Together, the two men proceeded to take over the town. In the days before television, gambling was ubiquitous, and the mob provided a kind of public utility. Russ and Joe offered card and dice games, pinball (which was used for gambling) and “tip seals,” which were a kind of lottery ticket. Like the titans of American industry whom they admired, they bribed officials and manipulated local elections to get their way. And they themselves were admired for it. The old guys I interviewed around town still spoke glowingly of them.

The mainstay of their business was a numbers racket. With it they did their best to copy Wall Street. There’s a reason bookies called the numbers game a “bank.” The game began in Harlem, where some Black residents, who were denied bank loans and savings instruments, saw the numbers as an investment plan. You played the same number every day, and when you eventually hit, the windfall was your return on investment. My informants told me it was much the same in the Italian community of my hometown. Russ and Joe called their game the G.I. Bank; the name itself was a marketing ploy, which capitalized on goodwill toward troops returning from World War II. Half the town played, and, like Wall Street bankers, Russ and Joe profited handsomely.
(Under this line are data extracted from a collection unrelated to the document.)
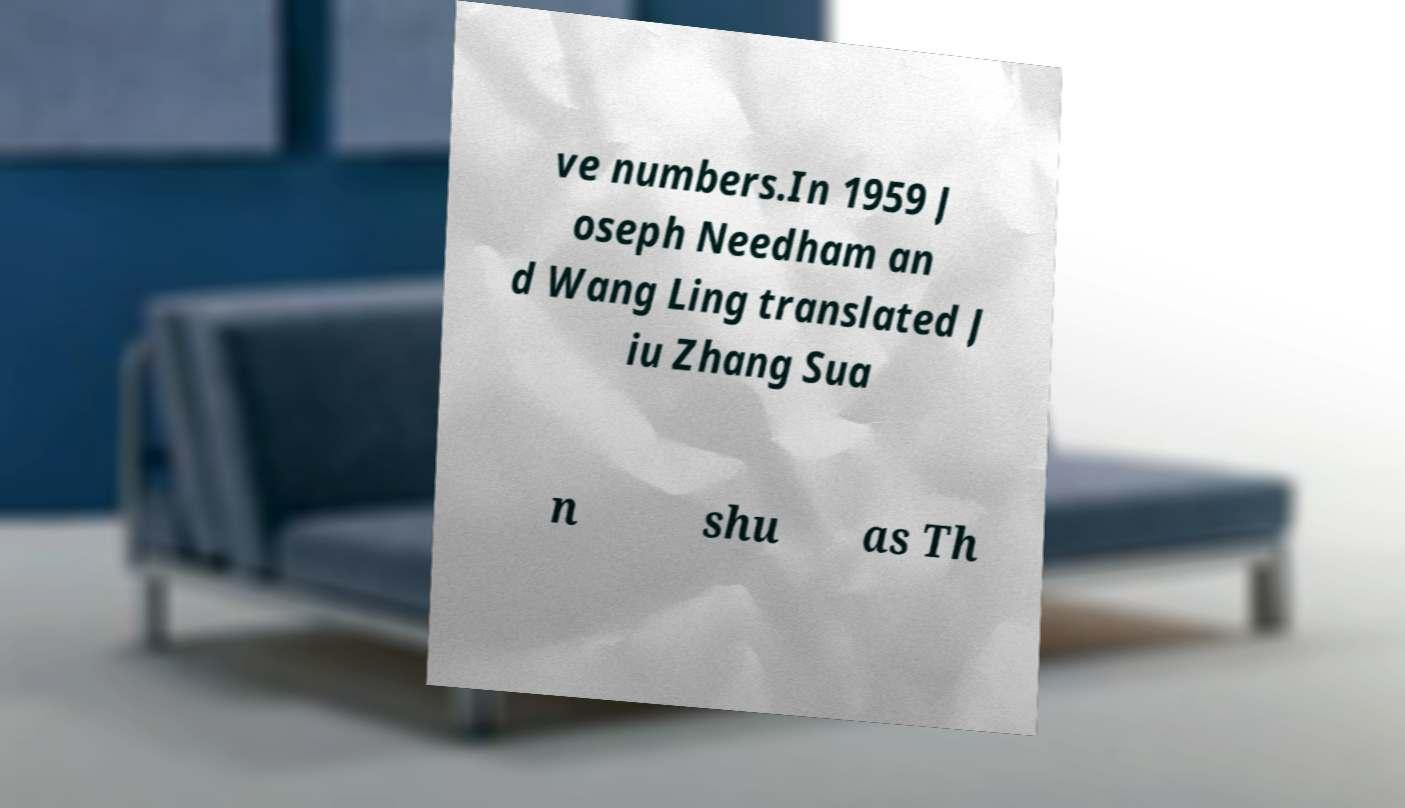What messages or text are displayed in this image? I need them in a readable, typed format. ve numbers.In 1959 J oseph Needham an d Wang Ling translated J iu Zhang Sua n shu as Th 
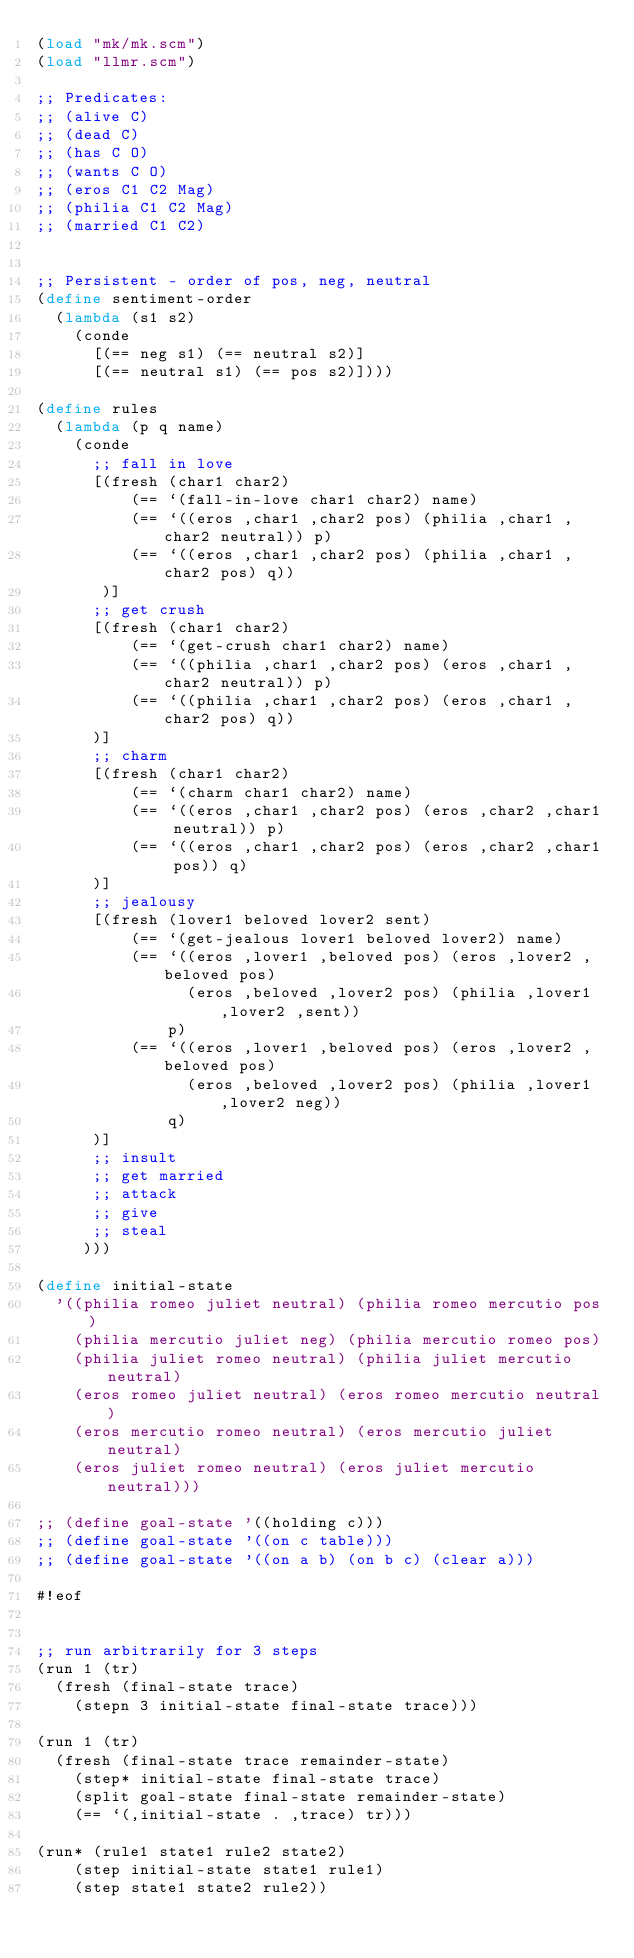<code> <loc_0><loc_0><loc_500><loc_500><_Scheme_>(load "mk/mk.scm")
(load "llmr.scm")

;; Predicates:
;; (alive C)
;; (dead C)
;; (has C O)
;; (wants C O)
;; (eros C1 C2 Mag)
;; (philia C1 C2 Mag)
;; (married C1 C2)


;; Persistent - order of pos, neg, neutral
(define sentiment-order
  (lambda (s1 s2)
    (conde
      [(== neg s1) (== neutral s2)]
      [(== neutral s1) (== pos s2)])))

(define rules
  (lambda (p q name)
    (conde
      ;; fall in love
      [(fresh (char1 char2)
          (== `(fall-in-love char1 char2) name)
          (== `((eros ,char1 ,char2 pos) (philia ,char1 ,char2 neutral)) p)
          (== `((eros ,char1 ,char2 pos) (philia ,char1 ,char2 pos) q))
       )]
      ;; get crush
      [(fresh (char1 char2)
          (== `(get-crush char1 char2) name)
          (== `((philia ,char1 ,char2 pos) (eros ,char1 ,char2 neutral)) p)
          (== `((philia ,char1 ,char2 pos) (eros ,char1 ,char2 pos) q))
      )]
      ;; charm
      [(fresh (char1 char2)
          (== `(charm char1 char2) name)
          (== `((eros ,char1 ,char2 pos) (eros ,char2 ,char1 neutral)) p)
          (== `((eros ,char1 ,char2 pos) (eros ,char2 ,char1 pos)) q)
      )]
      ;; jealousy
      [(fresh (lover1 beloved lover2 sent)
          (== `(get-jealous lover1 beloved lover2) name)
          (== `((eros ,lover1 ,beloved pos) (eros ,lover2 ,beloved pos)
                (eros ,beloved ,lover2 pos) (philia ,lover1 ,lover2 ,sent))
              p)
          (== `((eros ,lover1 ,beloved pos) (eros ,lover2 ,beloved pos)
                (eros ,beloved ,lover2 pos) (philia ,lover1 ,lover2 neg)) 
              q)
      )]
      ;; insult
      ;; get married
      ;; attack
      ;; give
      ;; steal
     )))

(define initial-state 
  '((philia romeo juliet neutral) (philia romeo mercutio pos)
    (philia mercutio juliet neg) (philia mercutio romeo pos)
    (philia juliet romeo neutral) (philia juliet mercutio neutral)
    (eros romeo juliet neutral) (eros romeo mercutio neutral)
    (eros mercutio romeo neutral) (eros mercutio juliet neutral)
    (eros juliet romeo neutral) (eros juliet mercutio neutral)))

;; (define goal-state '((holding c)))
;; (define goal-state '((on c table)))
;; (define goal-state '((on a b) (on b c) (clear a)))

#!eof


;; run arbitrarily for 3 steps
(run 1 (tr)
  (fresh (final-state trace)
    (stepn 3 initial-state final-state trace)))

(run 1 (tr)
  (fresh (final-state trace remainder-state)
    (step* initial-state final-state trace)
    (split goal-state final-state remainder-state)
    (== `(,initial-state . ,trace) tr)))

(run* (rule1 state1 rule2 state2)
    (step initial-state state1 rule1)
    (step state1 state2 rule2))
</code>

Again copying the legit banks, they also offered loans. If a local businessman defaulted, they might take a piece of his business, or the whole thing. You could call it extortion, but their terms were comparable to what the brick-and-mortar banks offered.

In all of this, Russ and Joe were consciously mimicking the establishment system to which they’d been denied access. Maybe the clearest indication of their hero-worship was in aliases. The two alter-egos that my grandfather’s partner used were Forbes and Ford. You’d be hard pressed to think of better names to evoke American business.
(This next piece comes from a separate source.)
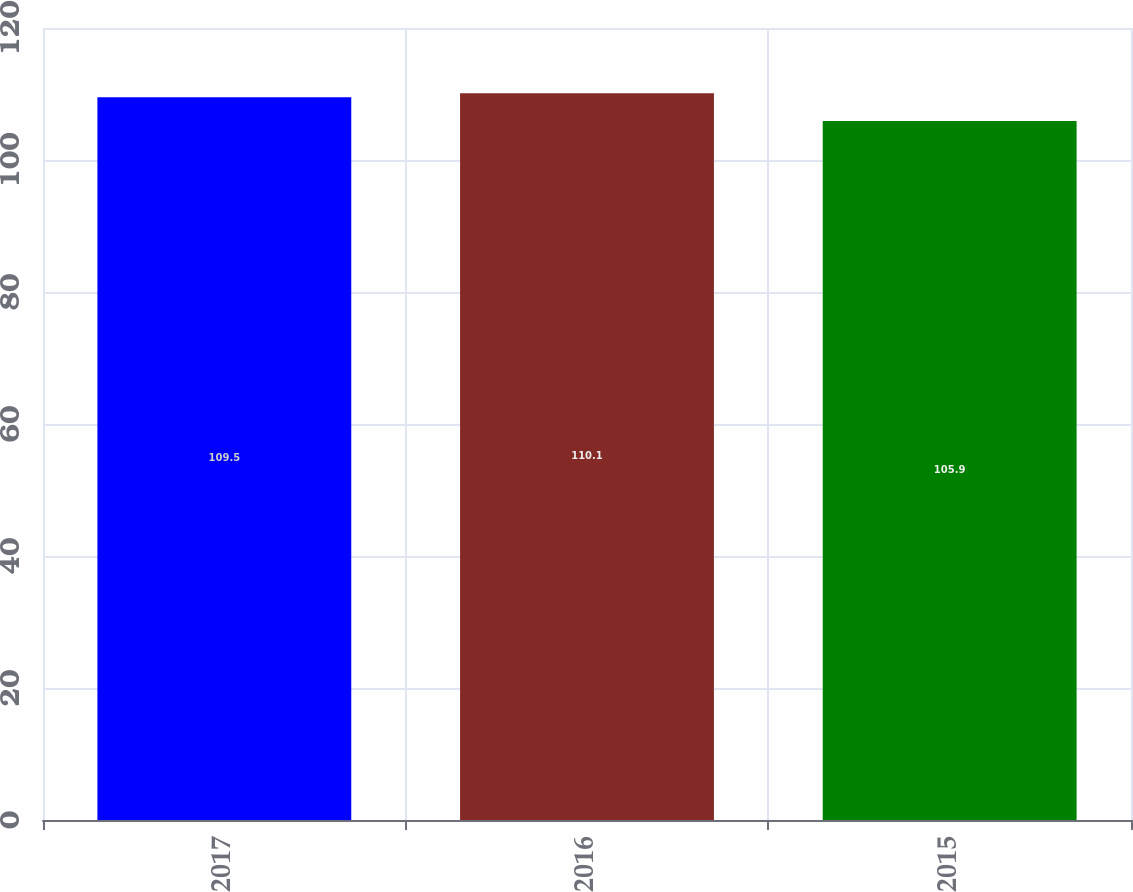Convert chart. <chart><loc_0><loc_0><loc_500><loc_500><bar_chart><fcel>2017<fcel>2016<fcel>2015<nl><fcel>109.5<fcel>110.1<fcel>105.9<nl></chart> 
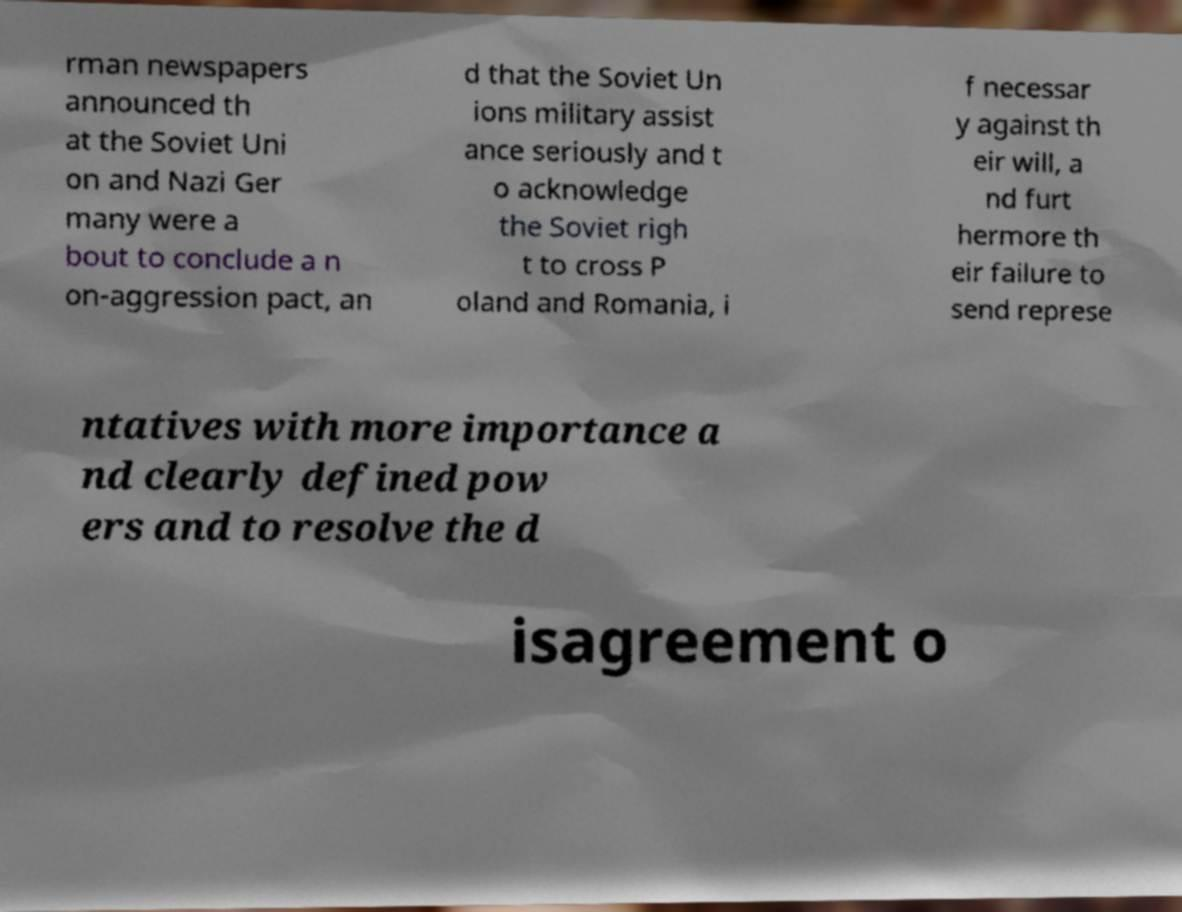Can you accurately transcribe the text from the provided image for me? rman newspapers announced th at the Soviet Uni on and Nazi Ger many were a bout to conclude a n on-aggression pact, an d that the Soviet Un ions military assist ance seriously and t o acknowledge the Soviet righ t to cross P oland and Romania, i f necessar y against th eir will, a nd furt hermore th eir failure to send represe ntatives with more importance a nd clearly defined pow ers and to resolve the d isagreement o

Russ and Joe had a nice run, from World War II into the 1960s. Then a bookie was murdered, which coincided with Robert F. Kennedy’s effort to eradicate the mob nationally. The feds came into town. In the end, the good guys beat the bad guys.
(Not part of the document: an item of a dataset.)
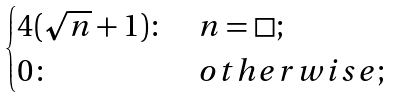<formula> <loc_0><loc_0><loc_500><loc_500>\begin{cases} 4 ( \sqrt { n } + 1 ) \colon & n = \square ; \\ 0 \colon & o t h e r w i s e ; \end{cases}</formula>

Or did they? The very term “organized crime” came into being as a way to distinguish immigrant gangs from “respectable” American practitioners of the same art form. Many of our corporate leaders have behaved far worse than my grandfather. Until recently, though, they hid their excesses behind a veil of decency. Trump’s accomplishment in office was to rip away the veil. For a moment it looked as though the insurrection of January 6 would result in gangsterism’s humiliation and defeat. But the thugs are regrouping. If they aren’t exposed and discredited, we may witness the rise of a new Mafia.